Notice: Be careful, for example, if the connection disappears on the device, and it did not receive an answer and then sent a second request after 5 minutes, a duplicate will be created.
4. Long poll. Long poll . SQS supports this type of connection with a maximum timeout of 20 seconds. That allows us to save on traffic and "jerking" of the service.
5. Metrics. Amazon also provides detailed queue metrics. Such as the number of received / sent / deleted messages, sizes in KB of these messages and so on. You can also connect SQS to the CloudWatch logging service. There you can see even more. Also there you can set up so-called
“alarms” (Alarms) and you can customize actions for any events.
Learn more about connecting to SQS. And
CloudWatch Documentation
Now let's look at the queue settings:
Major:
Default Visibility Timeout - the number of seconds / minutes / hours for which the message after receipt will not be visible for receipt. Maximum processing time is 12 hours.
Message Retention Period - the number of seconds / minutes / hours / days, which means how much time the raw messages will be stored in the queue. Maximum - 14 days.
Maximum Message Size - maximum message size in KB. The value is from 1KB to 256KB.
Delivery Delay - you can set the delay time for delivering the message to the queue. From 0 seconds to 15 minutes (Actually, messages will be in the queue, but will not be visible for receipt).
Receive Message Wait Time - the time that the connection will be held in case we use “Long poll” to receive new messages.
Content-Based Deduplication - a flag; if set to true, then “Deduplication Id” in the form of SHA-256 hash generated from the content will be added to each message.
Dead queue settings
Use Redrive Policy - flag, if set, messages will be redirected after several attempts.
Dead Letter Queue - the name of the “dead” queue to which unprocessed messages will be sent.
Maximum Receives - the number of failed processing attempts, after which the message will be sent to the dead queue
Notice: Also note that we can send all the basic parameters with each message separately. For example, each individual message can have its own Visibility Timeout or Delivery Delay.
Now a little about the messages themselves and their properties:
The message has several parameters:
1. Message body - any text.
2. Message Group Id is something like a tag, channel, mandatory for all messages. Each such group is guaranteed processed in FIFO mode.
3. Message Deduplication Id - a string to identify duplicates. If the “Content-Based Deduplication” mode is set, the parameter is optional.
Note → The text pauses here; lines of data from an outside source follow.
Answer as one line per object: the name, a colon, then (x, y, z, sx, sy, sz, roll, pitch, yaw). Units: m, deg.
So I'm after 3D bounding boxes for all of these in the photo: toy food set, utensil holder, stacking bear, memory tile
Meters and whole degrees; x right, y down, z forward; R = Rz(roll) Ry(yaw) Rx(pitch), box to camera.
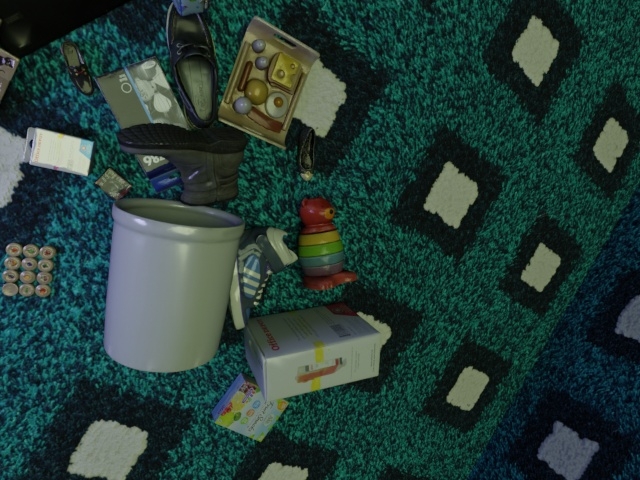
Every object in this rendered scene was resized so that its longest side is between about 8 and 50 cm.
toy food set: (-0.148, -0.451, 1.205, 0.220, 0.092, 0.305, 19, 96, -27)
utensil holder: (-0.398, 0.108, 1.112, 0.328, 0.328, 0.385, 7, 102, -26)
stacking bear: (0.000, 0.000, 1.357, 0.176, 0.164, 0.288, -13, 98, -43)
memory tile: (-0.782, 0.080, 1.105, 0.113, 0.012, 0.147, 8, 100, -26)

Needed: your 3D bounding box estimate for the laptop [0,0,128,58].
laptop: (-0.693, -0.720, 0.933, 0.382, 0.236, 0.407, -36, 144, -11)

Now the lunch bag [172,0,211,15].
lunch bag: (-0.328, -0.679, 0.991, 0.090, 0.176, 0.218, -16, 84, -19)

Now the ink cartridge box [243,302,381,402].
ink cartridge box: (-0.038, 0.351, 1.363, 0.385, 0.279, 0.160, -5, 106, -22)

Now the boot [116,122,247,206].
boot: (-0.362, -0.187, 1.112, 0.338, 0.118, 0.222, -4, 131, -31)

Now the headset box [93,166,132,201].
headset box: (-0.564, -0.152, 1.131, 0.062, 0.032, 0.083, -48, 118, -5)

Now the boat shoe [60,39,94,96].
boat shoe: (-0.609, -0.430, 1.033, 0.049, 0.042, 0.132, -22, 113, -20)

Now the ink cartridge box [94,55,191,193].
ink cartridge box: (-0.449, -0.306, 1.126, 0.165, 0.065, 0.332, -29, 114, -16)

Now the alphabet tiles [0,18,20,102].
alphabet tiles: (-0.867, -0.425, 0.886, 0.343, 0.011, 0.285, 30, 108, -27)

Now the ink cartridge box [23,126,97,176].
ink cartridge box: (-0.653, -0.225, 1.039, 0.143, 0.090, 0.092, 12, 98, -25)

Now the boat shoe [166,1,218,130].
boat shoe: (-0.336, -0.469, 1.104, 0.127, 0.113, 0.339, -5, 105, -22)

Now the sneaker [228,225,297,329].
sneaker: (-0.179, 0.115, 1.318, 0.237, 0.130, 0.322, -7, 101, -18)

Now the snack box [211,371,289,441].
snack box: (-0.243, 0.586, 1.449, 0.207, 0.070, 0.174, 38, 86, -29)

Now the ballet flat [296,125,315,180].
ballet flat: (-0.044, -0.277, 1.321, 0.058, 0.049, 0.173, -6, 106, -22)
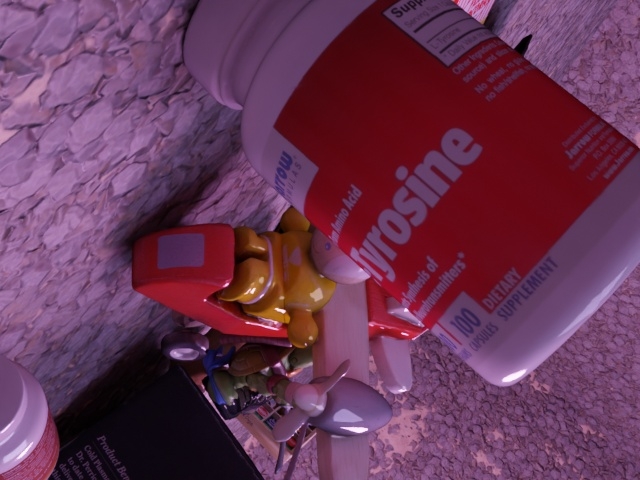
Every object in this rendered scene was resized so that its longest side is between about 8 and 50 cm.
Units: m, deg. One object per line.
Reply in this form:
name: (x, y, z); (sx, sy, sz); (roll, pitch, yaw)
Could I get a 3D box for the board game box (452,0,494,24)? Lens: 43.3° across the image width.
board game box: (0.207, -0.346, 1.212); (0.147, 0.045, 0.193); (-42, 167, -25)

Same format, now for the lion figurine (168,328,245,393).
lion figurine: (-0.151, 0.165, 1.385); (0.392, 0.142, 0.240); (-47, 160, 19)

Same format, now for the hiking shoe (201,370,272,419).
hiking shoe: (-0.120, 0.238, 1.360); (0.114, 0.086, 0.227); (-35, 167, 3)

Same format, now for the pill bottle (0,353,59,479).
pill bottle: (-0.339, 0.192, 0.829); (0.121, 0.121, 0.216); (-41, 167, -28)

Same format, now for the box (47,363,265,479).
box: (-0.318, 0.494, 1.330); (0.471, 0.297, 0.480); (-34, 165, -13)

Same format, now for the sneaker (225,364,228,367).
sneaker: (-0.112, 0.161, 1.607); (0.271, 0.100, 0.108); (-48, 163, 3)

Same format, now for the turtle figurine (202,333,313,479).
turtle figurine: (-0.016, 0.222, 1.226); (0.266, 0.275, 0.198); (-34, 155, -6)

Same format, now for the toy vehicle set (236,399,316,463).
toy vehicle set: (-0.128, 0.332, 1.687); (0.035, 0.267, 0.166); (-51, 169, 22)

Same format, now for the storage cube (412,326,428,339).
storage cube: (0.173, 0.019, 1.385); (0.215, 0.193, 0.184); (-39, -176, 15)

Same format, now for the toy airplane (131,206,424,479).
toy airplane: (0.013, 0.058, 1.001); (0.384, 0.386, 0.272); (-39, 176, -38)

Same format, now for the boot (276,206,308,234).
boot: (0.000, 0.000, 1.494); (0.280, 0.096, 0.264); (-26, 162, -53)

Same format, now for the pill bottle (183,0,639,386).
pill bottle: (0.081, -0.087, 0.711); (0.229, 0.407, 0.229); (-45, 167, -13)

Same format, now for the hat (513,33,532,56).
hat: (0.271, -0.251, 1.517); (0.331, 0.134, 0.331); (23, 90, -88)
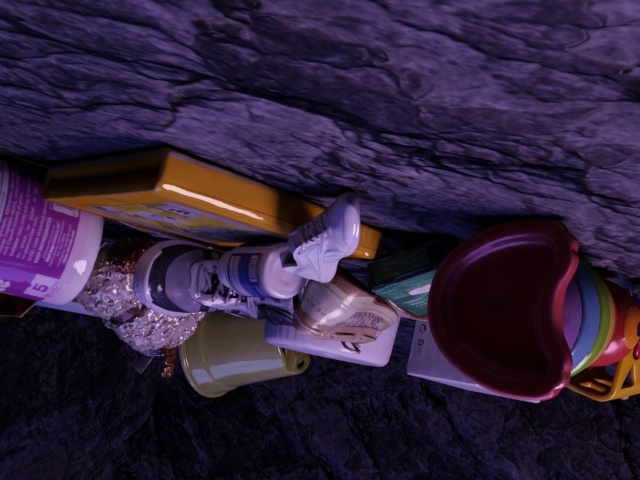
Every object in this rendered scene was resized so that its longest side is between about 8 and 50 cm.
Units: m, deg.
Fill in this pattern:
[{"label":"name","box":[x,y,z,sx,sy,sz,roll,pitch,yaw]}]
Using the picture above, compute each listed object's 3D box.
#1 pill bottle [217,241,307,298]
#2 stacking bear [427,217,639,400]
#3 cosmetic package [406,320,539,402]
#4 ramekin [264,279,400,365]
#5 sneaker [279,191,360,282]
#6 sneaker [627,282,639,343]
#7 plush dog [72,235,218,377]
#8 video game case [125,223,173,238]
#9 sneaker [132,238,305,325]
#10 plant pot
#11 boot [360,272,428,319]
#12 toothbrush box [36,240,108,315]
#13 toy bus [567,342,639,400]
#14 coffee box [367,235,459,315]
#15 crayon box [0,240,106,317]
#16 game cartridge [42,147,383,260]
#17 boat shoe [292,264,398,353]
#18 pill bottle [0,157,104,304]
[{"label":"pill bottle","box":[-0.074,0.036,1.033,0.067,0.067,0.120,19,168,-35]},{"label":"stacking bear","box":[0.262,0.084,0.953,0.164,0.176,0.289,0,172,41]},{"label":"cosmetic package","box":[0.267,0.173,1.421,0.183,0.151,0.151,22,166,-40]},{"label":"ramekin","box":[0.021,0.158,1.669,0.277,0.135,0.277,11,170,2]},{"label":"sneaker","box":[0.000,0.000,0.917,0.061,0.054,0.152,6,145,-20]},{"label":"sneaker","box":[0.410,0.099,1.075,0.068,0.071,0.170,8,171,25]},{"label":"plush dog","box":[-0.313,0.093,1.413,0.262,0.211,0.225,-24,132,30]},{"label":"video game case","box":[-0.234,-0.024,1.287,0.143,0.019,0.157,7,170,25]},{"label":"sneaker","box":[-0.113,0.058,1.138,0.153,0.101,0.268,4,175,34]},{"label":"plant pot","box":[-0.164,0.242,2.092,0.253,0.276,0.276,-7,162,27]},{"label":"boot","box":[0.111,0.079,1.308,0.213,0.077,0.165,20,169,-41]},{"label":"toothbrush box","box":[-0.538,0.035,1.574,0.295,0.126,0.216,7,159,30]},{"label":"toy bus","box":[0.417,0.165,1.181,0.202,0.105,0.191,11,-170,2]},{"label":"coffee box","box":[0.143,0.049,1.086,0.113,0.041,0.184,-20,158,21]},{"label":"crayon box","box":[-0.508,0.008,1.273,0.318,0.202,0.081,7,125,25]},{"label":"game cartridge","box":[-0.131,-0.030,1.041,0.323,0.053,0.285,21,167,-39]},{"label":"boat shoe","box":[0.028,0.091,1.118,0.104,0.089,0.285,38,180,21]},{"label":"pill bottle","box":[-0.443,-0.029,1.071,0.301,0.169,0.169,18,168,-33]}]

There are also message attributes
Attributes consist of name, type and value.
1. Name - string
2. Type - there are several types: string, number, binary. The type comes simply as a string, and it is possible to add a postfix to the type. In this case, the type will come with this postfix through a dot, for example string.example_postfix
3. Value - string
Notice: Please note that the maximum number of attributes is 10 Details
PS: This article provides a brief description of the queue, as well as a little about the capabilities and mechanics of SQS. The next article will be devoted to
AWS Lambda , and then their practical sharing.